Durant la première moitié de la soirée, c’est la période électrique du trompettiste mythique qui a été mise en lumière sur une scène où la mer sert de toile de fond. Cornaquée par Wallace Roney, la formation “Bitches brew beyond”, où l’on retrouvait plusieurs anciens ayant joué avec Miles Davis (Al Foster à la batterie, Bernie Maupin à la clarinette) revisitait donc “Bitches brew”, album sorti en 1971. Roney, couvé par Davis quand il était jeune (il possède encore plusieurs  de ses trompettes), n’a pas trahi l’esprit de son maître. Orageuse, tourmentée et amplifiée, la prestation de l’ensemble avait de l’allure. Elle pouvait néanmoins surprendre et provoquer des haut-le-cœur chez tous ceux qui auraient aimé effacer cette époque de l’histoire de Miles, que certains trouvaient trop “facile”, “impure”. Retrospectivement, ces morceaux d’anthologies du jazz fusion (ou jazz rock) ont reçu plus d’approbation, devenant parfois culte. Mais dans les allées juanaises, il n’aurait sans doute pas fallu insister beaucoup pour relancer le débat.

Masters at work

Quoi qu’il en soit, même si chacun aime un visage différent du géant disparu en 1991, la passion qui entoure le natif d’Alton, Illinois, est toujours aussi vibrante. Comme lors des soirées où le monstre sacré avait été acclamé par le public de Juan, il était impossible de trouver un siège vide. Le long du promenoir, il fallait même se tordre le cou pour apercevoir un coin de scène. Au pied de celle-ci, les photographes s’agglutinaient pendant les courtes minutes de “shooting” qui leur avaient été accordées.
Sous le feu de leurs objectifs, le plateau semblait presque irréel. Au piano, Herbie Hancock. Au saxophone, Wayne Shorter. Respectivement âgés de 71 et 78 ans, les deux hommes ont marqué de leur empreinte l’histoire de la musique. A la basse, et à l’origine de cette réunion de All-stars, Marcus Miller, qui fait actuellement partie des “patrons” du jazz. Celui qui avait écrit le thème de “Tutu” pour Miles Davis détaillait son projet à la foule : “Nous jouons la musique d’un film que Miles aurait aimé faire”.
Traversant les époques sans obstacle, démontrant une étonnant complicité et une maîtrise qui l’était beaucoup moins, le trio créait, recréait et magnifiait la musique du mythe.
Un mythe dont Sean Jones, originaire de l’Ohio, était chargé de tenir le poste. Sans se lancer dans un concours de copier-coller mais avec brio, ce dernier a relevé le défi, appuyé par la batterie de Sean Rickman.
Parfois très timide, plus enclin à écouter qu’à accompagner de sa fougue les artistes, le public se laissait gagner par l’énergie claire qui émanait de la scène. Faisant la claque entre chaque pause, les Juanais réservaient une incroyable ovation à Miller et son band. Il était déjà plus de minuit et on se laissait dire que Miles Davis, souvent rude avec ses sidemen, aurait tout de même laché un “good job” à ceux-là.
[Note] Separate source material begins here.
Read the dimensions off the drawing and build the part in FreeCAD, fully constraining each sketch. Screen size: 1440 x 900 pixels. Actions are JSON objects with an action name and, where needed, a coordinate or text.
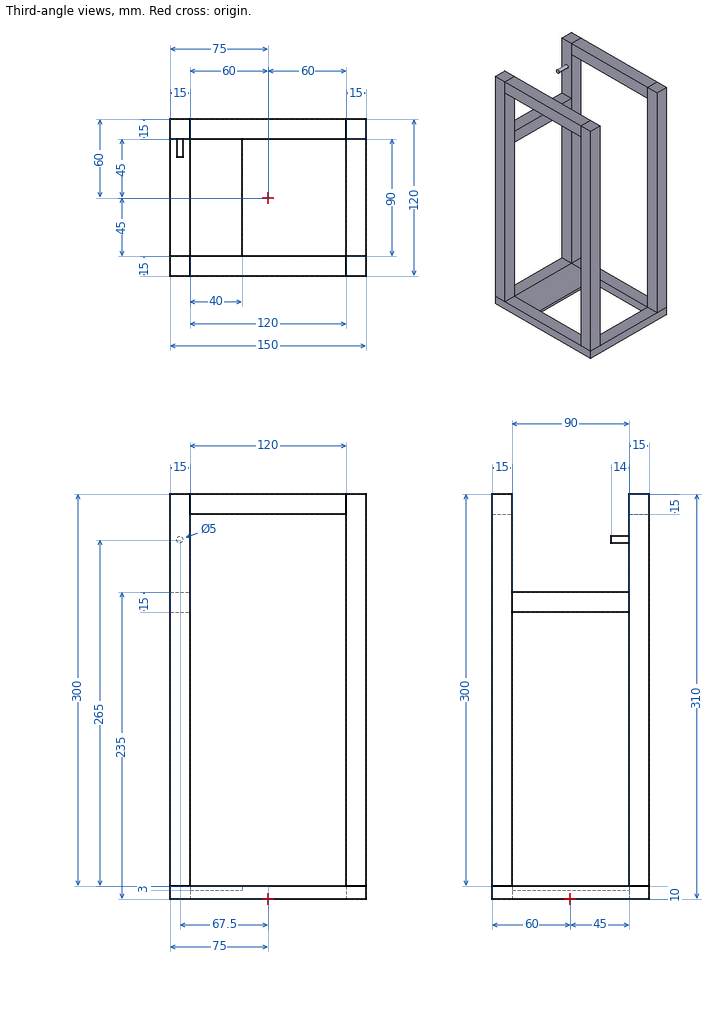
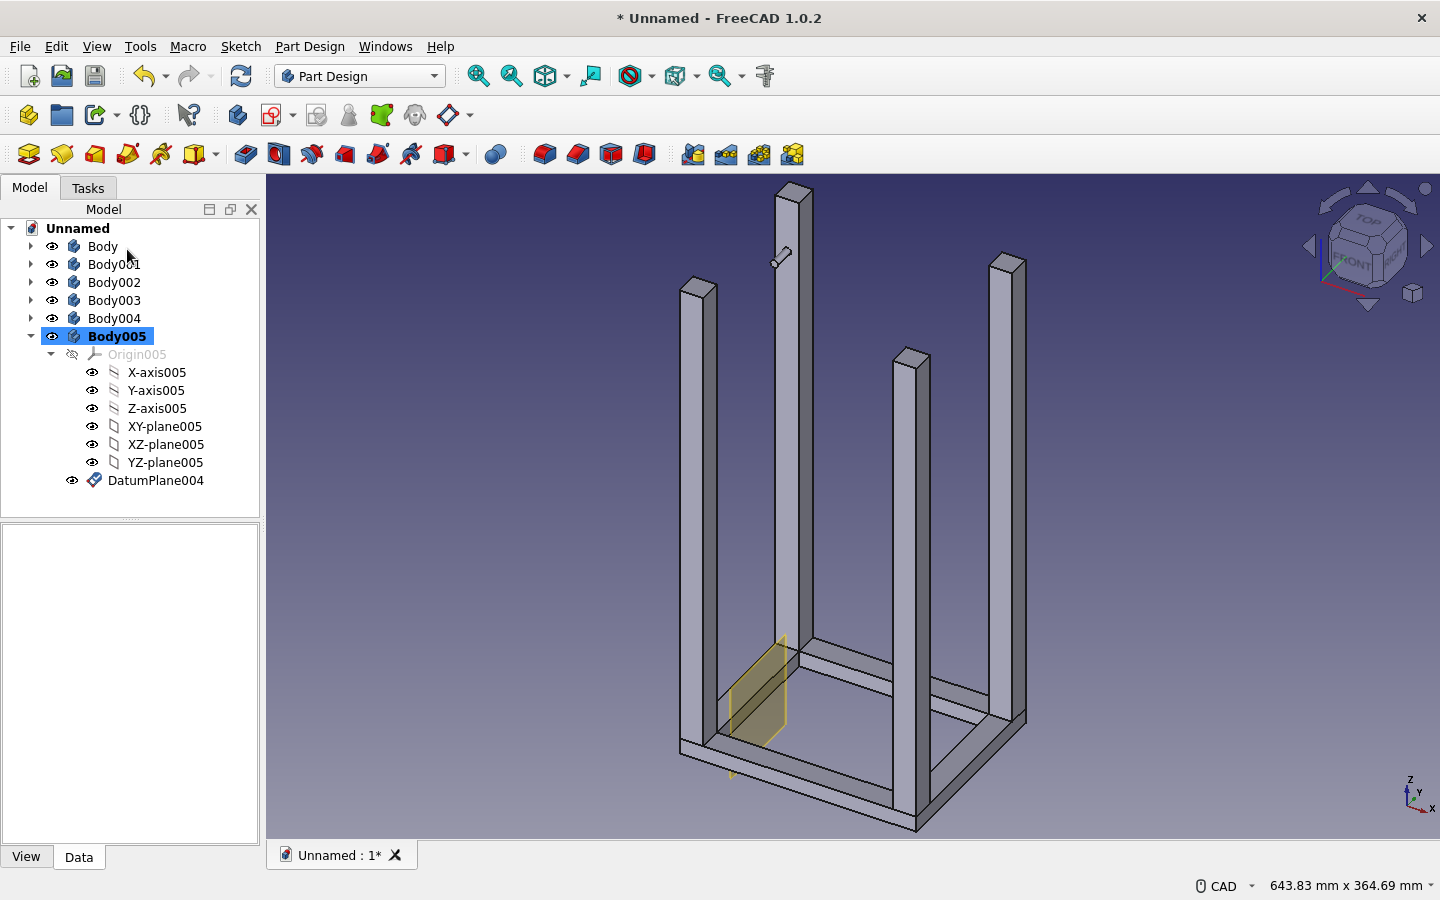
{"action": "left_click", "coordinate": [117, 480]}

Une exposition photo à la médiathèque d’Antibes

Jusqu’au 27 août, la médiathèque d’Antibes organise une exposition de clichés du trompettiste de légende. Ces photos ont été prises par Maurice Bernaudon, ancien photographe de Nice-Matin, qui a eu l’occasion d’immortaliser le musicien durant ses multiples concerts à Jazz à Juan.